Ohio State started draining Mirror Lake on Tuesday, beginning renovations on the campus landmark and the surrounding area. Though the renovations have sustainability and historical aims, they will also effectively end the Mirror Lake jump, a tradition made by students in recent years that involved jumping in the lake leading up to the OSU-Michigan football game.
“There won’t be anything to jump into,” Keith Myers, associate vice president of planning and real estate in OSU’s Office of Administration and Planning, said in a Lantern story published on Tuesday. “The lake is going to be inches deep at the edges, and it’s going to be full of wetland marsh.”
Last year, Austin Singletary, a third-year in human nutrition, died after sustaining injuries from jumping in the lake.
University officials have said that, although they wanted to stop the jump, the intention of the renovations lies in remaking Mirror Lake and the surrounding area in its historical likeness, as well as increasing stormwater runoff collection. The cost of construction, OSU spokesman Chris Davey said on Monday, is likely to exceed $4 million, and thus require future Board of Trustees approval.
Some students were not sold on the renovations, however.
“I don’t think it’s necessary at all,” said Derek Briggs, a second-year in electrical engineering, addressing the new design and resulting construction. “It’s part of our school the way it is now.”
Paul Hynes, a third-year in health sciences, called the construction, which started about a month and a half before the jump, “conveniently timed.”
“I don’t think they should do anything,” he said. “People will still run into the lake (after construction is completed).”
With construction set to wrap up in spring 2018, Hynes added that he was disappointed that renovations would be ongoing until he graduated.
Not all students were disappointed, however. Alesea Cline, a nondegree-seeking student, said neither the jump ending nor the renovations bothered her.
“(Students) will just start something new, so I don’t see how that’s a problem,” Cline said, adding that she predicts the Mirror Lake jump tradition will be replaced with a new tradition.

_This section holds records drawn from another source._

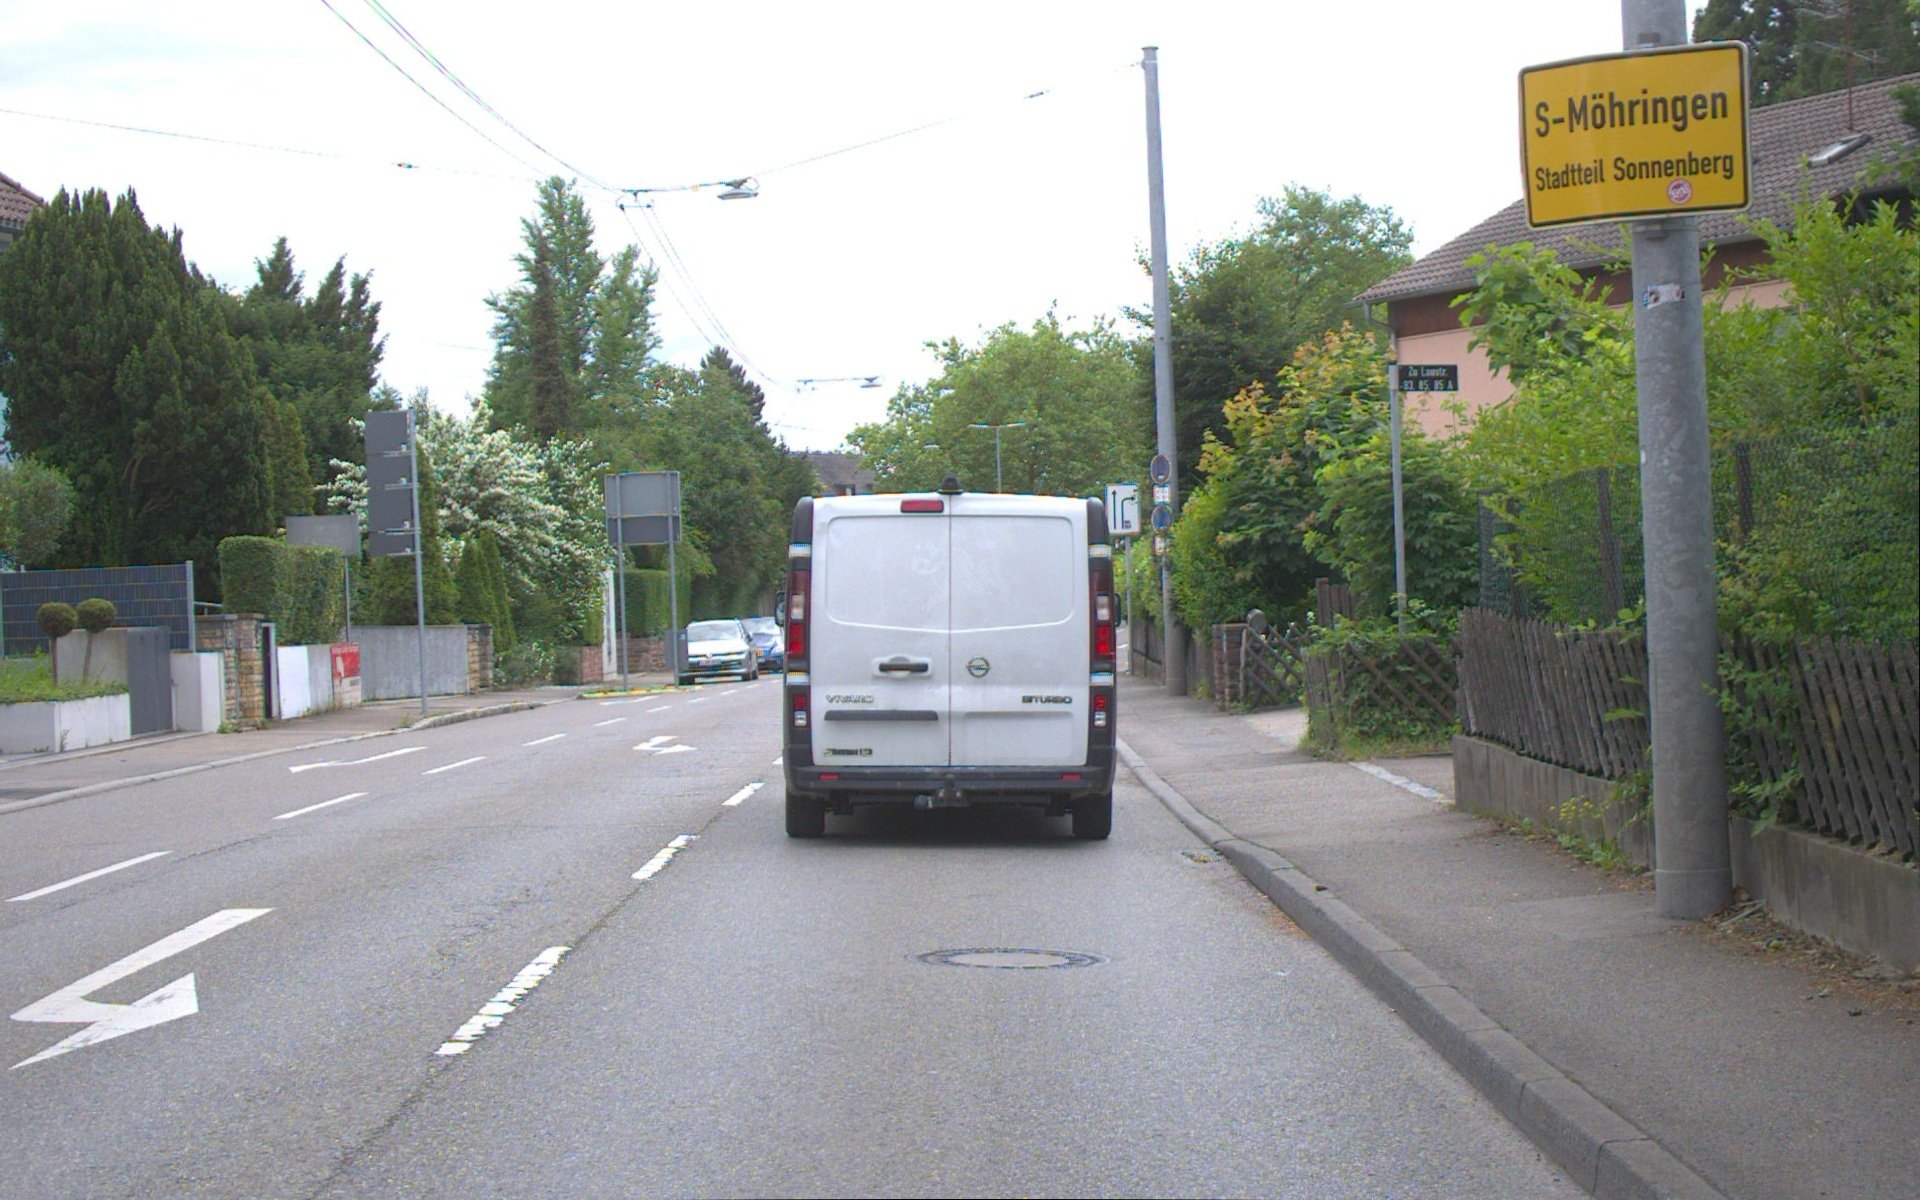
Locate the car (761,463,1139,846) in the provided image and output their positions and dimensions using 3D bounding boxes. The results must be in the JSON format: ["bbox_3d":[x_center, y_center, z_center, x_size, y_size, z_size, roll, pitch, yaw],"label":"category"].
[{"bbox_3d":[-0.062,0.287,20.882,2.006,2.031,5.010,0,0,0],"label":"car"}]

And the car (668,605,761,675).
[{"bbox_3d":[-5.706,0.908,80.329,1.809,1.450,4.413,-4,0,-1],"label":"car"}]

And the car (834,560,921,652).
[{"bbox_3d":[-2.332,0.150,98.496,2.111,2.490,6.124,-2,0,1],"label":"car"}]

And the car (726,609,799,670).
[{"bbox_3d":[-5.434,1.093,95.064,1.678,1.551,3.971,-3,-1,1],"label":"car"}]
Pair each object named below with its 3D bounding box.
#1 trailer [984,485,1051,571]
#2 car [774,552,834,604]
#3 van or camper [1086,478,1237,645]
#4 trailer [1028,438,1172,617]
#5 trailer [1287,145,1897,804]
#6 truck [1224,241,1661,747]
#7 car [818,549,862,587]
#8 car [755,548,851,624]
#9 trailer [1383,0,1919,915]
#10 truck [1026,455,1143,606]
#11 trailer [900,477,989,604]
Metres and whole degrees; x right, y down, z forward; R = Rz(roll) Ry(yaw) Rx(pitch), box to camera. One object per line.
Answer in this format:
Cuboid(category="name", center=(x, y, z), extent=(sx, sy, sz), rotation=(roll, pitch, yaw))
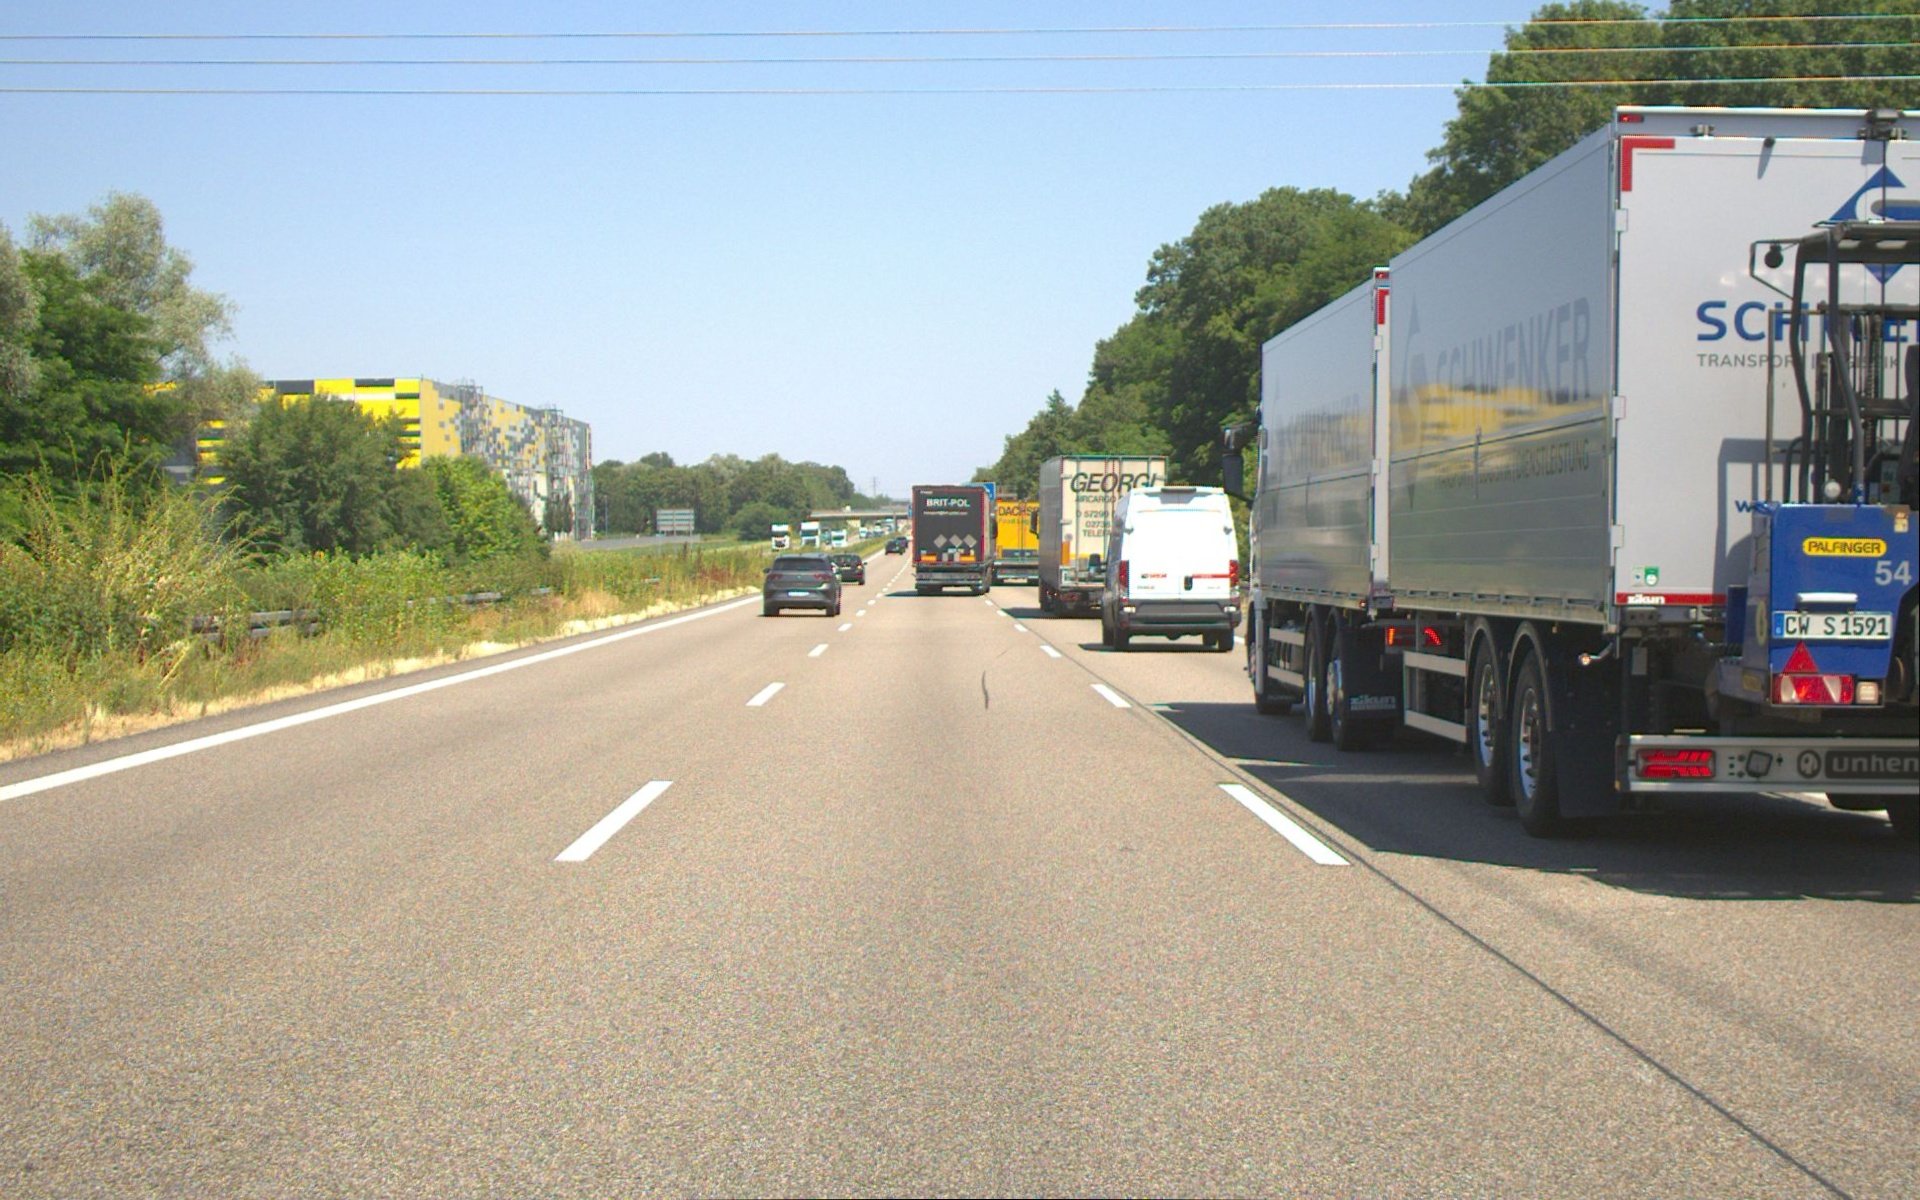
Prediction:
Cuboid(category="trailer", center=(2.664, -3.439, 163.024), extent=(2.834, 3.940, 11.685), rotation=(0, 1, -1))
Cuboid(category="car", center=(-5.352, -0.785, 118.311), extent=(1.993, 1.722, 4.131), rotation=(0, 1, -1))
Cuboid(category="van or camper", center=(3.317, -0.663, 57.758), extent=(2.022, 2.628, 6.488), rotation=(1, 1, -1))
Cuboid(category="trailer", center=(3.501, -1.866, 89.453), extent=(2.993, 4.274, 13.419), rotation=(1, 1, -1))
Cuboid(category="trailer", center=(4.245, -0.822, 24.859), extent=(2.920, 4.027, 7.317), rotation=(1, 1, -1))
Cuboid(category="truck", center=(4.127, -0.894, 30.947), extent=(2.889, 4.016, 6.870), rotation=(1, 1, 0))
Cuboid(category="car", center=(-5.580, -1.502, 159.661), extent=(1.941, 1.700, 4.000), rotation=(0, 1, -1))
Cuboid(category="car", center=(-3.895, -0.376, 86.333), extent=(2.216, 1.784, 5.394), rotation=(-1, 1, -1))
Cuboid(category="trailer", center=(4.332, -0.752, 18.532), extent=(2.945, 4.049, 8.129), rotation=(1, 1, -1))
Cuboid(category="truck", center=(3.448, -1.935, 96.427), extent=(3.002, 4.110, 5.253), rotation=(0, 1, -1))
Cuboid(category="trailer", center=(-0.680, -2.252, 129.617), extent=(3.106, 4.491, 14.897), rotation=(0, 1, -1))

The resolution that Undergraduate Student Government passed last year requesting that the jump be put to the end called for USG to “make every effort to support a new tradition created by the students that celebrates our university while respecting the safety of its students.”
USG President Gerard Basalla, a fourth-year in political science and strategic communication, told The Lantern in a story published Tuesday that USG was not planning a new tradition.
Cline also defended the renovations in light of costs associated with the jump in the past. With added security, fences, repairs and other logistical costs, OSU spent $100,000 on the jump in 2014, according to a Lantern story from the time. In 2013, before fences and wristbands were required for the jump, the cost was $46,000.
Cline did have one lingering question, however.
“What are they going to do with the ducks?” she said.